• **AVAILABLE RECORDS**
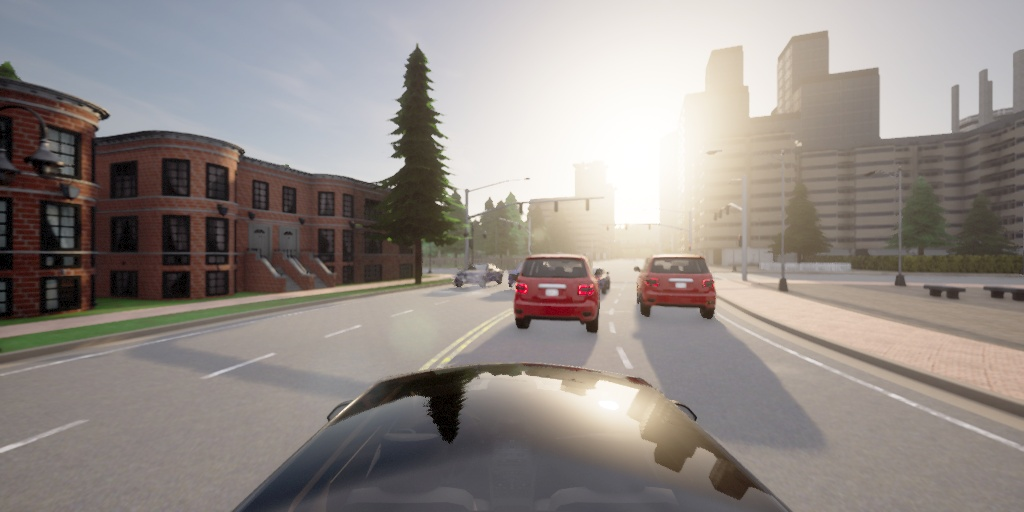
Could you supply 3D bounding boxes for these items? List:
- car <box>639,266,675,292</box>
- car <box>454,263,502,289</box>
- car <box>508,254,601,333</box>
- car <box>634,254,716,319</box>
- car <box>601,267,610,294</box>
[{"bbox_3d":[9.006,1.353,22.636,1.895,1.301,4.718,0,0,19],"label":"car"},{"bbox_3d":[-2.007,1.183,23.356,1.812,1.442,4.674,0,0,20],"label":"car"},{"bbox_3d":[1.559,0.968,11.061,2.150,2.045,5.566,0,0,13],"label":"car"},{"bbox_3d":[5.769,0.972,13.145,2.150,2.045,5.566,0,0,17],"label":"car"},{"bbox_3d":[4.483,1.274,20.236,1.812,1.442,4.674,0,0,19],"label":"car"}]
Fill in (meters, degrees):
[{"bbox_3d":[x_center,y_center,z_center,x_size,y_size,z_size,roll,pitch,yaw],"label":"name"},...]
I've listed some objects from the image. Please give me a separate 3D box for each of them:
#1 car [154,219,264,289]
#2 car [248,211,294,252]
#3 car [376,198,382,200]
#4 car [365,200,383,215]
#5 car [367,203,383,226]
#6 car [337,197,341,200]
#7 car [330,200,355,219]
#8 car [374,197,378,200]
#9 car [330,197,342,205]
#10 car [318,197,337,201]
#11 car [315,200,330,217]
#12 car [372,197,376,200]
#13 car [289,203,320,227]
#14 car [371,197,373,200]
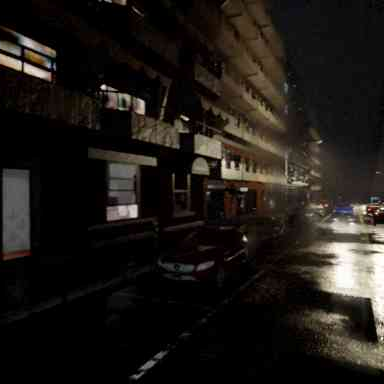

• **WHAT YOU WILL DO**
Reproduce the full listing faithfully, but do not carry over any pictures.

• **ANSWER**
Could you supply 3D bounding boxes for these items? List:
- car <box>639,266,675,292</box>
- car <box>454,263,502,289</box>
- car <box>508,254,601,333</box>
- car <box>634,254,716,319</box>
- car <box>601,267,610,294</box>
[{"bbox_3d":[9.006,1.353,22.636,1.895,1.301,4.718,0,0,19],"label":"car"},{"bbox_3d":[-2.007,1.183,23.356,1.812,1.442,4.674,0,0,20],"label":"car"},{"bbox_3d":[1.559,0.968,11.061,2.150,2.045,5.566,0,0,13],"label":"car"},{"bbox_3d":[5.769,0.972,13.145,2.150,2.045,5.566,0,0,17],"label":"car"},{"bbox_3d":[4.483,1.274,20.236,1.812,1.442,4.674,0,0,19],"label":"car"}]
Fill in (meters, degrees):
[{"bbox_3d":[x_center,y_center,z_center,x_size,y_size,z_size,roll,pitch,yaw],"label":"name"},...]
I've listed some objects from the image. Please give me a separate 3D box for each of them:
#1 car [154,219,264,289]
#2 car [248,211,294,252]
#3 car [376,198,382,200]
#4 car [365,200,383,215]
#5 car [367,203,383,226]
#6 car [337,197,341,200]
#7 car [330,200,355,219]
#8 car [374,197,378,200]
#9 car [330,197,342,205]
#10 car [318,197,337,201]
#11 car [315,200,330,217]
#12 car [372,197,376,200]
#13 car [289,203,320,227]
#14 car [371,197,373,200]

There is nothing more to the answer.